(WHAT NEEDS TO BE DONE): If a record contains a picture, drop the picture and copy everything else exactly.

-*-*-

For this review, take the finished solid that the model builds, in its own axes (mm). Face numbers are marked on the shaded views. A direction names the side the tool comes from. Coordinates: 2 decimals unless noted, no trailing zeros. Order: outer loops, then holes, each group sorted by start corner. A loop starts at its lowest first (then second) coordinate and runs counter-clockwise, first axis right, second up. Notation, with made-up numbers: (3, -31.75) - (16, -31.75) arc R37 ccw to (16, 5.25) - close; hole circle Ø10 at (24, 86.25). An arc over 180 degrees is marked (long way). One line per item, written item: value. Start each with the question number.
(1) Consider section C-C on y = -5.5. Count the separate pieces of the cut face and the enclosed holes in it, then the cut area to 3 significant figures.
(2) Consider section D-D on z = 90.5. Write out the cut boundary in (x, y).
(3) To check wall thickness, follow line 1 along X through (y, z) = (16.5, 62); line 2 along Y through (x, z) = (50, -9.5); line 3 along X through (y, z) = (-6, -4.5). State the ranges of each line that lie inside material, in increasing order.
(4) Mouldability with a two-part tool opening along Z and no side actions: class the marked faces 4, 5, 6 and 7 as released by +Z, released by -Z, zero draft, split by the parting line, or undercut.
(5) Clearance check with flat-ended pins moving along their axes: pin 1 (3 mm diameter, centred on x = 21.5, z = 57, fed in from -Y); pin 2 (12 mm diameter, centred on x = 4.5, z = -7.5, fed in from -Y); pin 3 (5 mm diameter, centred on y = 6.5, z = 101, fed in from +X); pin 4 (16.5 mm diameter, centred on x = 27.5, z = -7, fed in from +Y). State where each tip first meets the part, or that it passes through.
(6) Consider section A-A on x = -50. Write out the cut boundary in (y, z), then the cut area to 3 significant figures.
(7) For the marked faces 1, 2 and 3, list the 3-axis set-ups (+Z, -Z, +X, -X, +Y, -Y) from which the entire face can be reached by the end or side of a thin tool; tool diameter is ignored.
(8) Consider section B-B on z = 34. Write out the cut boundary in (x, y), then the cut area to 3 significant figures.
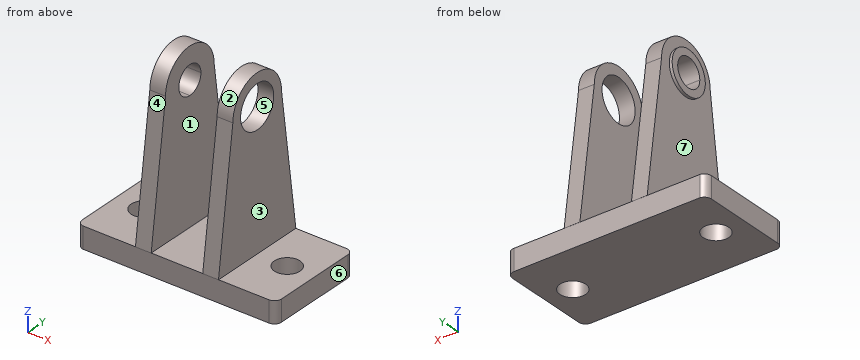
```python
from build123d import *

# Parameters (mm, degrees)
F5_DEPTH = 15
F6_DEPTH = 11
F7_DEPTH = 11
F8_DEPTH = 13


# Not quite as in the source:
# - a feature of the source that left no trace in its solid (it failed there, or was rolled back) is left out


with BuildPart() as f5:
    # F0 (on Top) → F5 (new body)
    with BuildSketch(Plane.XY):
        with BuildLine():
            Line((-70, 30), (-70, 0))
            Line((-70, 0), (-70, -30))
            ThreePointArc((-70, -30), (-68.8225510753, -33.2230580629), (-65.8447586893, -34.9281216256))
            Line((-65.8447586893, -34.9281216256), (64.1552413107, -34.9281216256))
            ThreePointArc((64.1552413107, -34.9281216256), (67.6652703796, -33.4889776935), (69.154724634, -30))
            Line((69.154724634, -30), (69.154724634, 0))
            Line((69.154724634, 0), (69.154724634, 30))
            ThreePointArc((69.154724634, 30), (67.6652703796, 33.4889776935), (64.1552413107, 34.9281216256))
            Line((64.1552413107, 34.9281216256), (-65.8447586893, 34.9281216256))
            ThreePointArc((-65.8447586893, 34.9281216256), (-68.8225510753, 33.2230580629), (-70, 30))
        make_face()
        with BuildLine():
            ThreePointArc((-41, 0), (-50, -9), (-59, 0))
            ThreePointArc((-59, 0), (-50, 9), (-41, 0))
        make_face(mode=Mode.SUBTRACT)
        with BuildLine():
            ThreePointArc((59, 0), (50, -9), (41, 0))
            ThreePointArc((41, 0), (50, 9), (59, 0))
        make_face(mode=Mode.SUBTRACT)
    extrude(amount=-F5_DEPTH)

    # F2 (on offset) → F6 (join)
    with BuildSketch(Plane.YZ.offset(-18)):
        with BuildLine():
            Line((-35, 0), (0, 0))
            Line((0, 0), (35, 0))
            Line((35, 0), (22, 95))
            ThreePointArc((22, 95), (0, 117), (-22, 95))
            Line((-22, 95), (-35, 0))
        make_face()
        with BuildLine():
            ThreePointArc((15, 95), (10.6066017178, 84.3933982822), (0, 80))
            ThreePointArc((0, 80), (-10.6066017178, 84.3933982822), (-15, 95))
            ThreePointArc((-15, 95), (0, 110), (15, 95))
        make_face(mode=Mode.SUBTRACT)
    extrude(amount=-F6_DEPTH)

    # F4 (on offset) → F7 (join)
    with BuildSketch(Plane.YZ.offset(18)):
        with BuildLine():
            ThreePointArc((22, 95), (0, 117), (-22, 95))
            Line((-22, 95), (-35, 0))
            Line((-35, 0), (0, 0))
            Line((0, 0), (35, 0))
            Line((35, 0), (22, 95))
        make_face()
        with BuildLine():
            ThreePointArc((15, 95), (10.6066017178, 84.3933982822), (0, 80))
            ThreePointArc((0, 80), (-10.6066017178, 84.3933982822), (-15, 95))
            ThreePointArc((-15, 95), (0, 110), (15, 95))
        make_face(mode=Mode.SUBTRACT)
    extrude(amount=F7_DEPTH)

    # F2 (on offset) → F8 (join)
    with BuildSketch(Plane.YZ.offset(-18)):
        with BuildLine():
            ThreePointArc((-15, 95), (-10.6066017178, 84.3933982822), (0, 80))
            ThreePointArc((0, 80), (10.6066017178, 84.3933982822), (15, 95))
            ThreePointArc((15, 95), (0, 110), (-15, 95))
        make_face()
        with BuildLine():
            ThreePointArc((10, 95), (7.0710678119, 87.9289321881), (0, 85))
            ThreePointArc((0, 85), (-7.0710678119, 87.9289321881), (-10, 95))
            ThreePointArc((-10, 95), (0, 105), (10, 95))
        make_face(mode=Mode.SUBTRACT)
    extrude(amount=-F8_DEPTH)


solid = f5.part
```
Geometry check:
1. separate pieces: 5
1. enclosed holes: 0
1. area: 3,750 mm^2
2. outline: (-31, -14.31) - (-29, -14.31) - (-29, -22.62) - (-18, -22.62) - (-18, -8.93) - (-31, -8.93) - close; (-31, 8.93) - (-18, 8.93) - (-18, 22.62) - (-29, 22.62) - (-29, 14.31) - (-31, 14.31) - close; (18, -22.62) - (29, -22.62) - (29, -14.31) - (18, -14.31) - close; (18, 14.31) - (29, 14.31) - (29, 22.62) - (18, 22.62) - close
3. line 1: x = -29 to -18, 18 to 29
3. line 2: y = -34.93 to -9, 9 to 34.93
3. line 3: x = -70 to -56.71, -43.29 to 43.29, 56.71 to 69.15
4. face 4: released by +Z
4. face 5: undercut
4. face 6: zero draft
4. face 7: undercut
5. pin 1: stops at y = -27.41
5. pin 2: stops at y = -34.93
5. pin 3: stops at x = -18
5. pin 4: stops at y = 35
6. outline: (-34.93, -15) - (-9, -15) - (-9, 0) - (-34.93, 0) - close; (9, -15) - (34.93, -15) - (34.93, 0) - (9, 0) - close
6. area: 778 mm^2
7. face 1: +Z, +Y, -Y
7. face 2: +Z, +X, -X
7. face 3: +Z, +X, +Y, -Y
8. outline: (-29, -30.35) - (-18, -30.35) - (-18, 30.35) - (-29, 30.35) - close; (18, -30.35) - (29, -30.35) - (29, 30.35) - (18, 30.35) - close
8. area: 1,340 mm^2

-*-*-

(EXPECTED ANSWER):
For this review, take the finished solid that the model builds, in its own axes (mm). Face numbers are marked on the shaded views. A direction names the side the tool comes from. Coordinates: 2 decimals unless noted, no trailing zeros. Order: outer loops, then holes, each group sorted by start corner. A loop starts at its lowest first (then second) coordinate and runs counter-clockwise, first axis right, second up. Notation, with made-up numbers: (3, -31.75) - (16, -31.75) arc R37 ccw to (16, 5.25) - close; hole circle Ø10 at (24, 86.25). An arc over 180 degrees is marked (long way). One line per item, written item: value. Start each with the question number.
(1) Consider section C-C on y = -5.5. Count the separate pieces of the cut face and the enclosed holes in it, then the cut area to 3 significant figures.
(2) Consider section D-D on z = 90.5. Write out the cut boundary in (x, y).
(3) To check wall thickness, follow line 1 along X through (y, z) = (16.5, 62); line 2 along Y through (x, z) = (50, -9.5); line 3 along X through (y, z) = (-6, -4.5). State the ranges of each line that lie inside material, in increasing order.
(4) Mouldability with a two-part tool opening along Z and no side actions: class the marked faces 4, 5, 6 and 7 as released by +Z, released by -Z, zero draft, split by the parting line, or undercut.
(5) Clearance check with flat-ended pins moving along their axes: pin 1 (3 mm diameter, centred on x = 21.5, z = 57, fed in from -Y); pin 2 (12 mm diameter, centred on x = 4.5, z = -7.5, fed in from -Y); pin 3 (5 mm diameter, centred on y = 6.5, z = 101, fed in from +X); pin 4 (16.5 mm diameter, centred on x = 27.5, z = -7, fed in from +Y). State where each tip first meets the part, or that it passes through.
(6) Consider section A-A on x = -50. Write out the cut boundary in (y, z), then the cut area to 3 significant figures.
(7) For the marked faces 1, 2 and 3, list the 3-axis set-ups (+Z, -Z, +X, -X, +Y, -Y) from which the entire face can be reached by the end or side of a thin tool; tool diameter is ignored.
(8) Consider section B-B on z = 34. Write out the cut boundary in (x, y), then the cut area to 3 significant figures.
```python
from build123d import *

# Parameters (mm, degrees)
F5_DEPTH = 15
F6_DEPTH = 11
F7_DEPTH = 11
F8_DEPTH = 13


# Not quite as in the source:
# - a feature of the source that left no trace in its solid (it failed there, or was rolled back) is left out


with BuildPart() as f5:
    # F0 (on Top) → F5 (new body)
    with BuildSketch(Plane.XY):
        with BuildLine():
            Line((-70, 30), (-70, 0))
            Line((-70, 0), (-70, -30))
            ThreePointArc((-70, -30), (-68.8225510753, -33.2230580629), (-65.8447586893, -34.9281216256))
            Line((-65.8447586893, -34.9281216256), (64.1552413107, -34.9281216256))
            ThreePointArc((64.1552413107, -34.9281216256), (67.6652703796, -33.4889776935), (69.154724634, -30))
            Line((69.154724634, -30), (69.154724634, 0))
            Line((69.154724634, 0), (69.154724634, 30))
            ThreePointArc((69.154724634, 30), (67.6652703796, 33.4889776935), (64.1552413107, 34.9281216256))
            Line((64.1552413107, 34.9281216256), (-65.8447586893, 34.9281216256))
            ThreePointArc((-65.8447586893, 34.9281216256), (-68.8225510753, 33.2230580629), (-70, 30))
        make_face()
        with BuildLine():
            ThreePointArc((-41, 0), (-50, -9), (-59, 0))
            ThreePointArc((-59, 0), (-50, 9), (-41, 0))
        make_face(mode=Mode.SUBTRACT)
        with BuildLine():
            ThreePointArc((59, 0), (50, -9), (41, 0))
            ThreePointArc((41, 0), (50, 9), (59, 0))
        make_face(mode=Mode.SUBTRACT)
    extrude(amount=-F5_DEPTH)

    # F2 (on offset) → F6 (join)
    with BuildSketch(Plane.YZ.offset(-18)):
        with BuildLine():
            Line((-35, 0), (0, 0))
            Line((0, 0), (35, 0))
            Line((35, 0), (22, 95))
            ThreePointArc((22, 95), (0, 117), (-22, 95))
            Line((-22, 95), (-35, 0))
        make_face()
        with BuildLine():
            ThreePointArc((15, 95), (10.6066017178, 84.3933982822), (0, 80))
            ThreePointArc((0, 80), (-10.6066017178, 84.3933982822), (-15, 95))
            ThreePointArc((-15, 95), (0, 110), (15, 95))
        make_face(mode=Mode.SUBTRACT)
    extrude(amount=-F6_DEPTH)

    # F4 (on offset) → F7 (join)
    with BuildSketch(Plane.YZ.offset(18)):
        with BuildLine():
            ThreePointArc((22, 95), (0, 117), (-22, 95))
            Line((-22, 95), (-35, 0))
            Line((-35, 0), (0, 0))
            Line((0, 0), (35, 0))
            Line((35, 0), (22, 95))
        make_face()
        with BuildLine():
            ThreePointArc((15, 95), (10.6066017178, 84.3933982822), (0, 80))
            ThreePointArc((0, 80), (-10.6066017178, 84.3933982822), (-15, 95))
            ThreePointArc((-15, 95), (0, 110), (15, 95))
        make_face(mode=Mode.SUBTRACT)
    extrude(amount=F7_DEPTH)

    # F2 (on offset) → F8 (join)
    with BuildSketch(Plane.YZ.offset(-18)):
        with BuildLine():
            ThreePointArc((-15, 95), (-10.6066017178, 84.3933982822), (0, 80))
            ThreePointArc((0, 80), (10.6066017178, 84.3933982822), (15, 95))
            ThreePointArc((15, 95), (0, 110), (-15, 95))
        make_face()
        with BuildLine():
            ThreePointArc((10, 95), (7.0710678119, 87.9289321881), (0, 85))
            ThreePointArc((0, 85), (-7.0710678119, 87.9289321881), (-10, 95))
            ThreePointArc((-10, 95), (0, 105), (10, 95))
        make_face(mode=Mode.SUBTRACT)
    extrude(amount=-F8_DEPTH)


solid = f5.part
```
Geometry check:
1. separate pieces: 5
1. enclosed holes: 0
1. area: 3,750 mm^2
2. outline: (-31, -14.31) - (-29, -14.31) - (-29, -22.62) - (-18, -22.62) - (-18, -8.93) - (-31, -8.93) - close; (-31, 8.93) - (-18, 8.93) - (-18, 22.62) - (-29, 22.62) - (-29, 14.31) - (-31, 14.31) - close; (18, -22.62) - (29, -22.62) - (29, -14.31) - (18, -14.31) - close; (18, 14.31) - (29, 14.31) - (29, 22.62) - (18, 22.62) - close
3. line 1: x = -29 to -18, 18 to 29
3. line 2: y = -34.93 to -9, 9 to 34.93
3. line 3: x = -70 to -56.71, -43.29 to 43.29, 56.71 to 69.15
4. face 4: released by +Z
4. face 5: undercut
4. face 6: zero draft
4. face 7: undercut
5. pin 1: stops at y = -27.41
5. pin 2: stops at y = -34.93
5. pin 3: stops at x = -18
5. pin 4: stops at y = 35
6. outline: (-34.93, -15) - (-9, -15) - (-9, 0) - (-34.93, 0) - close; (9, -15) - (34.93, -15) - (34.93, 0) - (9, 0) - close
6. area: 778 mm^2
7. face 1: +Z, +Y, -Y
7. face 2: +Z, +X, -X
7. face 3: +Z, +X, +Y, -Y
8. outline: (-29, -30.35) - (-18, -30.35) - (-18, 30.35) - (-29, 30.35) - close; (18, -30.35) - (29, -30.35) - (29, 30.35) - (18, 30.35) - close
8. area: 1,340 mm^2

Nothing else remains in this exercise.